Tennents Vital 2011


Madame Oui and I were the lucky recipients of VIP tickets to the 2011 Tennents Vital concert at Ward Park, Bangor. Eminem was the star act, with support gigs from Jimmy Eat World, Kaiser Chiefs and others.

Unlike the vast majority of the 20-somethings students who were there from the start in the afternoon, we two put in a full day’s work first. Our timing wasn’t great, as it was pouring rain when we arrived. But ah, to be a VIP — no queue, straight to the tent with complimentary food and drink.

I then ventured off to discover what the other VIP tent was like. “Sir, can I help you?” said the security man at its perimeter. I replied, “It’s okay, I’m VIP,” showing off the badge hanging from its lanyard.

“No, sir, that’s a North Down Council VIP badge.”

“Yes, and?”

“That’s ordinary VIP. This tent is for the real VIPs.”

I laughed. “I didn’t realise there was segregation in the VIP section!” And I retreated to the “ordinary” VIP tent.

The whole VIP section was a kind of sanctuary. I didn’t realise how many people were attending the concert until I entered the main section. Yep, a sell out crowd of 30,000. Summer concert festival atmosphere. (Confession: my first such experience!)

Lots of concert goers.

Jimmy Eat World was playing, and I timed it just right to hear their anthem song, The Middle. For a moment there I was, rocking in the pouring rain, feeling real. After the song, though, not drunk or ecstatic like those around me, I wised up and went back to the VIP tent, to dry off.
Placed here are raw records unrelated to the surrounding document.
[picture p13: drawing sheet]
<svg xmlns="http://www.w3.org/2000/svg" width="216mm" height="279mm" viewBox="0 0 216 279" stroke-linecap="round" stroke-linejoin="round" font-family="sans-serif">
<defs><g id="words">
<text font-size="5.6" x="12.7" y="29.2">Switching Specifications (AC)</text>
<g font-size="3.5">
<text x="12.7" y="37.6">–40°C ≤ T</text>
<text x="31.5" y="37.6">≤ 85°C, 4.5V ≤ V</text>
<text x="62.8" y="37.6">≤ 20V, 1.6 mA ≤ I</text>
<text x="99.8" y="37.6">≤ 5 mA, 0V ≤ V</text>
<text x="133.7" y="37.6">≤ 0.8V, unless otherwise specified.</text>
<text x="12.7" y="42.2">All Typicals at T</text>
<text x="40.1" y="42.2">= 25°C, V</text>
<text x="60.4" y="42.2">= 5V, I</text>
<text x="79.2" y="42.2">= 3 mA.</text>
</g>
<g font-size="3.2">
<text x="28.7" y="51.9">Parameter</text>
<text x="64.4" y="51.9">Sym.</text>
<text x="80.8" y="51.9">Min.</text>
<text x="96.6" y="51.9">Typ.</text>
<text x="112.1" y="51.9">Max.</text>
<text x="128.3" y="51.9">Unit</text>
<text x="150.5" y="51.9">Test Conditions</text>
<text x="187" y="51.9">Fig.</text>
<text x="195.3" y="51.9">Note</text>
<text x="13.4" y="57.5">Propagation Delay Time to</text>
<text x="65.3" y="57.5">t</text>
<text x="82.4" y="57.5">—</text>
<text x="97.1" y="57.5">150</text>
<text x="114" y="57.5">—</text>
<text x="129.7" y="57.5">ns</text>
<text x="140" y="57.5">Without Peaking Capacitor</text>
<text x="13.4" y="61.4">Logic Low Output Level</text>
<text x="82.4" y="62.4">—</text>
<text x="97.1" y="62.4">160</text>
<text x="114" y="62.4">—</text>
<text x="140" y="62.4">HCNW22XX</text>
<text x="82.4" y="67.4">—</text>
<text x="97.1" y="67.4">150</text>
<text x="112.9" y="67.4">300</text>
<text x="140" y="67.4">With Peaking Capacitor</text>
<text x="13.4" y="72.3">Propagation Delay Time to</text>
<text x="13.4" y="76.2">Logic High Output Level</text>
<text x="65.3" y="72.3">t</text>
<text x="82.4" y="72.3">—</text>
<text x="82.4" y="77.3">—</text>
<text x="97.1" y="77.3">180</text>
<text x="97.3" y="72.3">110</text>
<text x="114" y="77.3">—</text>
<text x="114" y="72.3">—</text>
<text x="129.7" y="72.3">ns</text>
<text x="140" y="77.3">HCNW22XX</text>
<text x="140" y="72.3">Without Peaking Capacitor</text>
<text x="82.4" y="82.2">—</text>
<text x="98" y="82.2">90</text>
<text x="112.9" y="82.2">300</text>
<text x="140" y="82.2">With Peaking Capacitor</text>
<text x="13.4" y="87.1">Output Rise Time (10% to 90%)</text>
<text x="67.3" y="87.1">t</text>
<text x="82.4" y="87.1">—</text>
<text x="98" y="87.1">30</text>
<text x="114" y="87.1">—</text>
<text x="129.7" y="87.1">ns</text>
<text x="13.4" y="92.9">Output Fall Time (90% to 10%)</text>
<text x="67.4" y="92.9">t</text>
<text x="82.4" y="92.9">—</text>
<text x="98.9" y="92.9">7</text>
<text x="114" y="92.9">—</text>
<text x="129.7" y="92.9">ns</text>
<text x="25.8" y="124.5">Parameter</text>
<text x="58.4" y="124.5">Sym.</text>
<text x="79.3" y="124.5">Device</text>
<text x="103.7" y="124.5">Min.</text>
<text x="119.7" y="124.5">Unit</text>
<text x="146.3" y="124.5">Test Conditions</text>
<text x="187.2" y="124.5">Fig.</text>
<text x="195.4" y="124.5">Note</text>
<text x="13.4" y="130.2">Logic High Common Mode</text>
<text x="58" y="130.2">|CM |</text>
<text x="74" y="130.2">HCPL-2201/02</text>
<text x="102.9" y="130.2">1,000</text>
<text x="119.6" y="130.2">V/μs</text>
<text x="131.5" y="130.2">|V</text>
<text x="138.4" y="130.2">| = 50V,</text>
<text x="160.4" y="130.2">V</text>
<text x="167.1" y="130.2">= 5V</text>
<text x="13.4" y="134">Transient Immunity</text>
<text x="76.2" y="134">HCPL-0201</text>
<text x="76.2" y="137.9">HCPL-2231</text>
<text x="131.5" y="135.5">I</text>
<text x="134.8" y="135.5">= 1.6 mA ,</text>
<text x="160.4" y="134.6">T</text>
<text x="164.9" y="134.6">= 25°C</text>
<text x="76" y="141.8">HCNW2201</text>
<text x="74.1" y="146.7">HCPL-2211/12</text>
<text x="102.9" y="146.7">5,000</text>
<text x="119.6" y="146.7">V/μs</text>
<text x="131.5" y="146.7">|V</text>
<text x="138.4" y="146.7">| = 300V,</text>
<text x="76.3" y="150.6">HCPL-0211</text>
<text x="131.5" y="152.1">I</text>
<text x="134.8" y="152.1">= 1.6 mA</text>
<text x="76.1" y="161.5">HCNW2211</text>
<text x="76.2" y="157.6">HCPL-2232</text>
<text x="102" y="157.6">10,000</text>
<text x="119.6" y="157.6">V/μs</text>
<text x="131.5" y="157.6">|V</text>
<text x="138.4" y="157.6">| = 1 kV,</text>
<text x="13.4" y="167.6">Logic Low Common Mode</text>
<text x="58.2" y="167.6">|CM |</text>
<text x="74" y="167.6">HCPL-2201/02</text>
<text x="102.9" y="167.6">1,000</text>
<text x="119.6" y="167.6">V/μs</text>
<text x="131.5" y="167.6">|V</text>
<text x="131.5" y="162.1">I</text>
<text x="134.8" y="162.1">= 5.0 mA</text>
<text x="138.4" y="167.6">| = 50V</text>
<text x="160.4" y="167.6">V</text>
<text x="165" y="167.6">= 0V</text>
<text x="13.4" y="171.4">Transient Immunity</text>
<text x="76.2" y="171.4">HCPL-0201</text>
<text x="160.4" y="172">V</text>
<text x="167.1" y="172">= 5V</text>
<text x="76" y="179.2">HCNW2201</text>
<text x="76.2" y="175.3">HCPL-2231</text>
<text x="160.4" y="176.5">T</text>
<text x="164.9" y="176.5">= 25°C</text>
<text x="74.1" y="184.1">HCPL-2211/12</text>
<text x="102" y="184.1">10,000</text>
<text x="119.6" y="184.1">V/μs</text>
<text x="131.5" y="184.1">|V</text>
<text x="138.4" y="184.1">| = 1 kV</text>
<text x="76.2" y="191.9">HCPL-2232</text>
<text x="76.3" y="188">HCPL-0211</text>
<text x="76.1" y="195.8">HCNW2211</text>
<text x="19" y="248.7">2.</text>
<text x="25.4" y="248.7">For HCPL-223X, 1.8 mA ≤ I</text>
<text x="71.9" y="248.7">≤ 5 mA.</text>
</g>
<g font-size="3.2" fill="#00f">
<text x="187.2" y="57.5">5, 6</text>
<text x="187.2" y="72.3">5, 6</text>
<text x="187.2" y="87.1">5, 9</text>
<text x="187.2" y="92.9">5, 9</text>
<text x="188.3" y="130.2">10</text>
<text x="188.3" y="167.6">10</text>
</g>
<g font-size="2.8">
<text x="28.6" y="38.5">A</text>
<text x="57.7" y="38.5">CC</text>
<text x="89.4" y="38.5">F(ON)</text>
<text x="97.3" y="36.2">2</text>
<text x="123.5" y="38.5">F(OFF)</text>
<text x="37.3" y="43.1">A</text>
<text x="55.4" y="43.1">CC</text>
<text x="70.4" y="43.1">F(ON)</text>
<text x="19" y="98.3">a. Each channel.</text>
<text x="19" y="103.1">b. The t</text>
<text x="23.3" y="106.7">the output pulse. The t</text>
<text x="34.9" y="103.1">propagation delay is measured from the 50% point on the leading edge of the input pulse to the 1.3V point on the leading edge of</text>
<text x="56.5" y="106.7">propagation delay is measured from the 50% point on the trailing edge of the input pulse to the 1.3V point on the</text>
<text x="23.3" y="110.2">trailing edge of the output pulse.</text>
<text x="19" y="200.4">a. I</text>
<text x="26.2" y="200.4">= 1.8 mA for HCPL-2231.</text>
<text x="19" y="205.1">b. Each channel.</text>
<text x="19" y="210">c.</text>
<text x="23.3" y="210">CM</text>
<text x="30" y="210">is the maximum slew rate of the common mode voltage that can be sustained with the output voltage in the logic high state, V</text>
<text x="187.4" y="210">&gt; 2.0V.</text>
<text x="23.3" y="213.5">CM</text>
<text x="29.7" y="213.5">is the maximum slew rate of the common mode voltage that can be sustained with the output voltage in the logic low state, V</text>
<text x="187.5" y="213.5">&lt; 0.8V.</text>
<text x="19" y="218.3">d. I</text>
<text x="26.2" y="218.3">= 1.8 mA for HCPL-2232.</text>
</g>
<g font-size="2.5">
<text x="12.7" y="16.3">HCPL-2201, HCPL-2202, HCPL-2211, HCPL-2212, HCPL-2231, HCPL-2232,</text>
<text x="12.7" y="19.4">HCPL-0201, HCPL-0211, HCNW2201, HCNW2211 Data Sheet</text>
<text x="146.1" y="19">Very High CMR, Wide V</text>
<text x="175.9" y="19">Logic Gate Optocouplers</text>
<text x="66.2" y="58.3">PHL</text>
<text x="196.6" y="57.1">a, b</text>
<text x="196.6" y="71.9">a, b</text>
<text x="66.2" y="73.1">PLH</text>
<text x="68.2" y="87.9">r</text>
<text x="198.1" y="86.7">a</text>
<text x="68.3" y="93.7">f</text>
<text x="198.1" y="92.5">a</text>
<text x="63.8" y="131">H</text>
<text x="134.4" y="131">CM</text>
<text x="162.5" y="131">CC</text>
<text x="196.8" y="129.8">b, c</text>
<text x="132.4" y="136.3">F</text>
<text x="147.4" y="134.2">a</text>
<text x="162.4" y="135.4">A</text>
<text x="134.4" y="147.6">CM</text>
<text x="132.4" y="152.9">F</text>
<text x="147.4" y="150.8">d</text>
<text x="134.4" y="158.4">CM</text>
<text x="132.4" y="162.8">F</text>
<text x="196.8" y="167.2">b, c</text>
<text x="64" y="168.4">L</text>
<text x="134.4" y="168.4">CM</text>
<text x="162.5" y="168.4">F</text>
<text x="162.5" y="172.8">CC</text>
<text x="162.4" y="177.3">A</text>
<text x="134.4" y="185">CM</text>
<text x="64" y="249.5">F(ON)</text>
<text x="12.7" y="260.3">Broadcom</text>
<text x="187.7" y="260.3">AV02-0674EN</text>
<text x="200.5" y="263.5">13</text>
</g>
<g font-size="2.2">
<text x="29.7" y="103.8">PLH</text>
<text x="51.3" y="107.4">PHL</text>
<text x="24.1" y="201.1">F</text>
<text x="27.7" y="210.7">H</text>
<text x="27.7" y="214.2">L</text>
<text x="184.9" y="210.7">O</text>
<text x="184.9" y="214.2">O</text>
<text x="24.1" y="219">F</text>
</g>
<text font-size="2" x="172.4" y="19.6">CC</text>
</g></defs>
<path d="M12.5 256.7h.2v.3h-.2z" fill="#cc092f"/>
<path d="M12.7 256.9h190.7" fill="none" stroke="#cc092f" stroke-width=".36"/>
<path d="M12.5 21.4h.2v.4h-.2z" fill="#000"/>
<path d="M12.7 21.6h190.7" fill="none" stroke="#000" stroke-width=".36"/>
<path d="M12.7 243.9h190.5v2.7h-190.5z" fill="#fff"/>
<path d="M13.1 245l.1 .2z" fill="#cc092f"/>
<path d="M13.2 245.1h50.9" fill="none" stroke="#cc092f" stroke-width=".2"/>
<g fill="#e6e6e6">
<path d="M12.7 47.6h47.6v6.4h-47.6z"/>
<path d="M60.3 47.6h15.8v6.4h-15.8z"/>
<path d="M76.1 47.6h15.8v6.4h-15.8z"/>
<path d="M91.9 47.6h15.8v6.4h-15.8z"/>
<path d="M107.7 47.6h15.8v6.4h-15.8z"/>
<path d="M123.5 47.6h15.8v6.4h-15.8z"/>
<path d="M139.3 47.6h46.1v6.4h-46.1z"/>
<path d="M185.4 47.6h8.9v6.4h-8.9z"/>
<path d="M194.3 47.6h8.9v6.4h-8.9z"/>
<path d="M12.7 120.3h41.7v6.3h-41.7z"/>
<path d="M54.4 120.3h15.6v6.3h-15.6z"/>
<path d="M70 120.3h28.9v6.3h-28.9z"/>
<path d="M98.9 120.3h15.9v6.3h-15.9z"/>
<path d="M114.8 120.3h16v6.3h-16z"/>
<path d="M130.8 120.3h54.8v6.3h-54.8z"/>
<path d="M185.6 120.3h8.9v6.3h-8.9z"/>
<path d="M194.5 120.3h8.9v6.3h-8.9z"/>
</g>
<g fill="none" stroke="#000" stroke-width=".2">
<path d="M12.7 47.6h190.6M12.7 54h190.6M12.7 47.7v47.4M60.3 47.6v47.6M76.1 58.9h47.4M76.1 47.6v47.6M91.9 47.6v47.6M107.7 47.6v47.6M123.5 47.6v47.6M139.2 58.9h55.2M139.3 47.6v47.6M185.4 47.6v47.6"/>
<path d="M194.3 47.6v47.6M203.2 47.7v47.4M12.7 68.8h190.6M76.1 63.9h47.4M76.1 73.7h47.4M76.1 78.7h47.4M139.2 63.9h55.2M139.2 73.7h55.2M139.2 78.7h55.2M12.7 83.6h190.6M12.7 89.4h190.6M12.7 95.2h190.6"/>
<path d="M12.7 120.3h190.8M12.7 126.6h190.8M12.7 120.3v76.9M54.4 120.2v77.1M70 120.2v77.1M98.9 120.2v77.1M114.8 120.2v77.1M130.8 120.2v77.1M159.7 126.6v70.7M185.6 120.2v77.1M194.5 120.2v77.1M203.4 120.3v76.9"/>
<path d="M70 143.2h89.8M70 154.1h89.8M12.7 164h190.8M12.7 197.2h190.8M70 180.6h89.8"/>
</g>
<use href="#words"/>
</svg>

We spent our food vouchers for some Italian-style sausages and BBQ ribs. Washed down with a Tennents (of course) and rejoined the masses who were now jumping with the Kaiser Chiefs. The rained stopped, the sun even reappeared, and everyone was having A Good Time.

Kaiser Chiefs knew how to rock the crowd.

My favourite piece was I Predict A Riot — somehow that song has a particular resonance hearing it live in Northern Ireland!

As the Kaiser Chiefs are obvious descendents from The Jam, unsurprisingly I really enjoyed this set.

Then I got involved in some unexpected action.

Near me were two lads, early 20s, who began pushing each other around. There were about half a dozen girls and no other lads, so I figured it may have something to do with that, and just ignored it all.

A few minutes later I notice out of the corner of my eye that the bigger lad landed a right hook on the other one’s face, and they were soon locked in a fistacuf battle. Seeing that the ladies were not having much luck pulling them apart  — and shockingly no security guards in view — I impulsively got stuck in and pulled the larger lad onto his back and put my foot on his wrist.

“What are you doing that for?”

“You ain’t getting up,” I told him.

I let him go when the smaller lad cleared off, and thankfully he didn’t have a go at me. Though I was bigger than him, I always prefer not to be swung at! And in a typical bloke fashion, he quickly forgot about it.

But not the wee lad. He was soon coming back and I was ready to cut him off to tell them that I had saved his face once but wouldn’t do it again! Fortunately his female posse kept him away.

Although all the previous music sets were good stuff, it would seem that everyone was really here to see Eminem (and a good reason why crowd was twice as large as previous night’s show).

Eminem goes hard core.

Eminem duly appeared and got the show blasting with his hard core rap. Hmm. Perhaps I’m too old to be impressed with new old-school, as standing there was reminding me of hard core rap shows I went to over 20 years ago — Public Enemy and  N.W.A. (that’s Niggers With Attitude, for those of you too young to know).

But for us oldsters he did oblige. “How many of you out there are messed up? Messed up on drink, weed, or whatever you’re doing? Well, this is some stuff I made when I was messed up.” And began a medley of Slim Shady (which I video recorded but the files got corrupted — ugh!).

All in all, everyone seemed to have a great time and were well behaved (less the two misfits I dealt with). Those of us who walked the 10 minutes back to our car park were very respectful of the local residents — no shouts or yells, which actually felt strange — thousands of us walking up the road in relative silence must have appeared like zombies!

I have to say that the morning after — and the morning after that — was a bit rough for both of us. It’s fun to play with the kids but it sure takes more time to recover.